Secondo quanto riportato da Axios, il Chief Administrative Officer della Camera dei Rappresentanti degli Stati Uniti ha imposto formalmente il divieto di utilizzo di WhatsApp sui dispositivi governativi. In una comunicazione interna, i dipendenti sono stati informati che l'app deve essere disinstallata sia su mobile che su desktop. La motivazione? WhatsApp rappresenta un rischio per la sicurezza degli utenti, a causa della mancanza di trasparenza nella protezione dei dati, l'assenza di criticazione per i dati archiviati e possibili vulnerabilità di sicurezza. L'ufficio ha consigliato di utilizzare altre app, come Microsoft Teams, Wickr di Amazon, Signal, iMessage di Apple e Facetime.
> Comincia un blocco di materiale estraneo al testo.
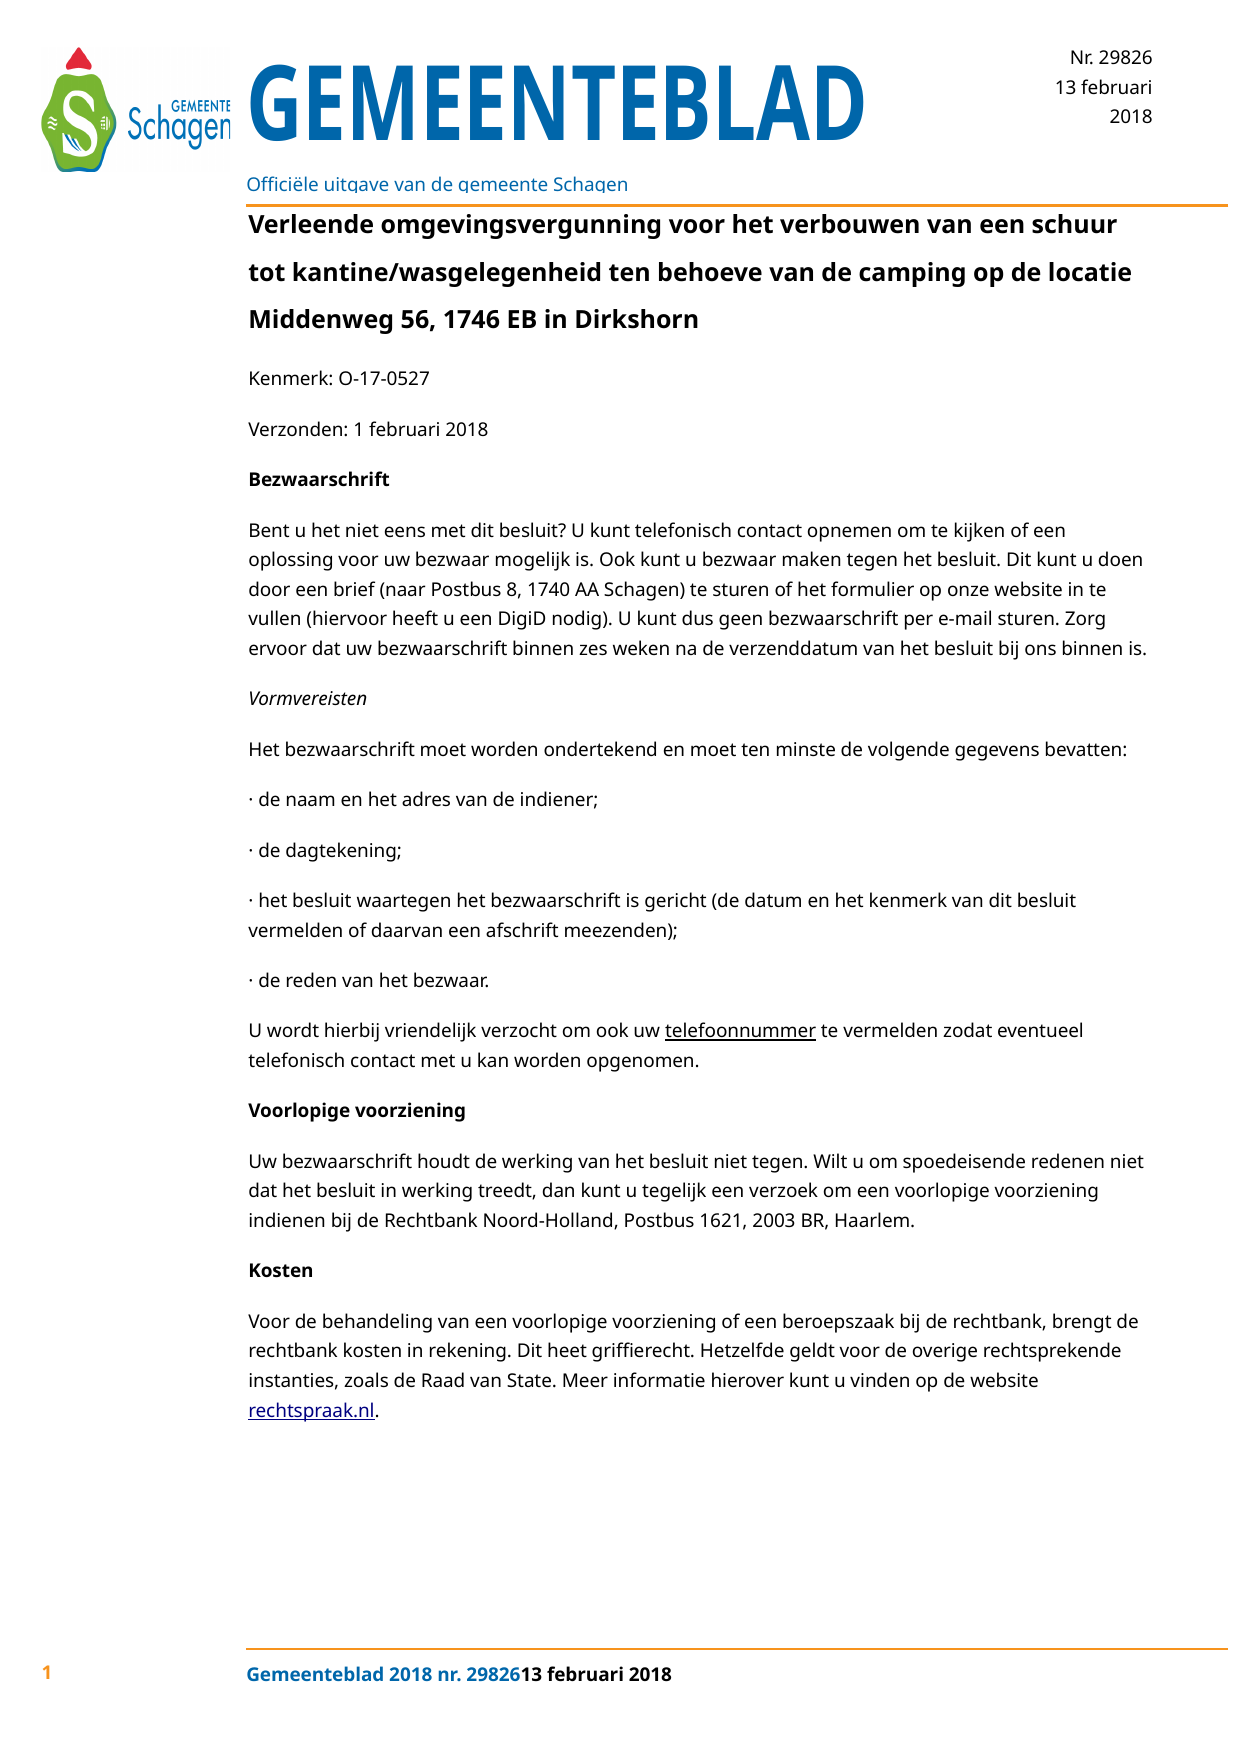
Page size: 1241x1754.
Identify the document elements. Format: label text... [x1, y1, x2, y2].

text · de dagtekening; [248, 837, 1152, 862]
text Voorlopige voorziening [248, 1098, 1152, 1123]
text Bezwaarschrift [248, 466, 1152, 492]
text Bent u het niet eens met dit besluit? U kunt telefonisch contact opnemen om te kijken of een oplossing voor uw bezwaar mogelijk is. Ook kunt u bezwaar maken tegen het besluit. Dit kunt u doen door een brief (naar Postbus 8, 1740 AA Schagen) te sturen of het formulier op onze website in te vullen (hiervoor heeft u een DigiD nodig). U kunt dus geen bezwaarschrift per e-mail sturen. Zorg ervoor dat uw bezwaarschrift binnen zes weken na de verzenddatum van het besluit bij ons binnen is. [248, 517, 1152, 661]
text U wordt hierbij vriendelijk verzocht om ook uw telefoonnummer te vermelden zodat eventueel telefonisch contact met u kan worden opgenomen. [248, 1018, 1152, 1073]
text Verzonden: 1 februari 2018 [248, 416, 1152, 442]
picture [41, 47, 231, 172]
text Verleende omgevingsvergunning voor het verbouwen van een schuur tot kantine/wasgelegenheid ten behoeve van de camping op de locatie Middenweg 56, 1746 EB in Dirkshorn [248, 207, 1152, 336]
text · de naam en het adres van de indiener; [248, 786, 1152, 812]
text Kosten [248, 1258, 1152, 1283]
text Kenmerk: O-17-0527 [248, 366, 1152, 391]
text Voor de behandeling van een voorlopige voorziening of een beroepszaak bij de rechtbank, brengt de rechtbank kosten in rekening. Dit heet griffierecht. Hetzelfde geldt voor de overige rechtsprekende instanties, zoals de Raad van State. Meer informatie hierover kunt u vinden op de website rechtspraak.nl. [248, 1308, 1152, 1422]
text Uw bezwaarschrift houdt de werking van het besluit niet tegen. Wilt u om spoedeisende redenen niet dat het besluit in werking treedt, dan kunt u tegelijk een verzoek om een voorlopige voorziening indienen bij de Rechtbank Noord-Holland, Postbus 1621, 2003 BR, Haarlem. [248, 1148, 1152, 1233]
text · het besluit waartegen het bezwaarschrift is gericht (de datum en het kenmerk van dit besluit vermelden of daarvan een afschrift meezenden); [248, 887, 1152, 942]
text Het bezwaarschrift moet worden ondertekend en moet ten minste de volgende gegevens bevatten: [248, 736, 1152, 762]
text · de reden van het bezwaar. [248, 967, 1152, 993]
text Vormvereisten [248, 686, 1152, 711]

WhatsApp, con oltre 3 miliardi di utenti in tutto il mondo, è stata acquistata da Meta nel 2014 e da allora è stata promossa come uno dei servizi di messaggistica più sicuri. L’app garantisce la crittografia end-to-end (E2E), un sistema che impedisce a chiunque al di fuori della conversazione di leggere, ascoltare o condividere i messaggi. "Nessuno, nemmeno WhatsApp, può accedere ai contenuti", spiegano i responsabili dell’app. Tuttavia, la crittografia protegge solo il contenuto dei messaggi, mentre i metadati, come i contatti e le informazioni sul dispositivo, continuano a essere raccolti da Meta e potrebbero essere condivisi con le autorità, su richiesta.

Meta ha respinto le accuse del governo iraniano, definendo le dichiarazioni come fake news e un tentativo di bloccare i suoi servizi in un periodo in cui sono più necessari che mai. “Non tracciamo la posizione esatta degli utenti, non registriamo i messaggi ricevuti e non monitoriamo le conversazioni”, ha dichiarato un portavoce di Meta a Gizmodo. “Non forniamo informazioni in blocco ad alcun governo”.

Tuttavia, la questione della privacy digitale resta un tema caldo. Meta è stata accusata da diverse organizzazioni per i diritti umani, come Human Rights Watch, di aver limitato i contenuti a favore della causa palestinese su Instagram e Facebook. Inoltre, sui social sono stati sponsorizzati contenuti di propaganda contro Hamas e l'Iran da parte del governo israeliano.

Al momento, non ci sono prove concrete che i governi abbiano avuto accesso ai dati criptati degli utenti. Tuttavia, la crescente diffidenza nei confronti della privacy digitale, che ora accomuna anche Stati Uniti e Iran, solleva interrogativi cruciali sul futuro della sicurezza online e su quanto possiamo davvero fidarci dei giganti tecnologici.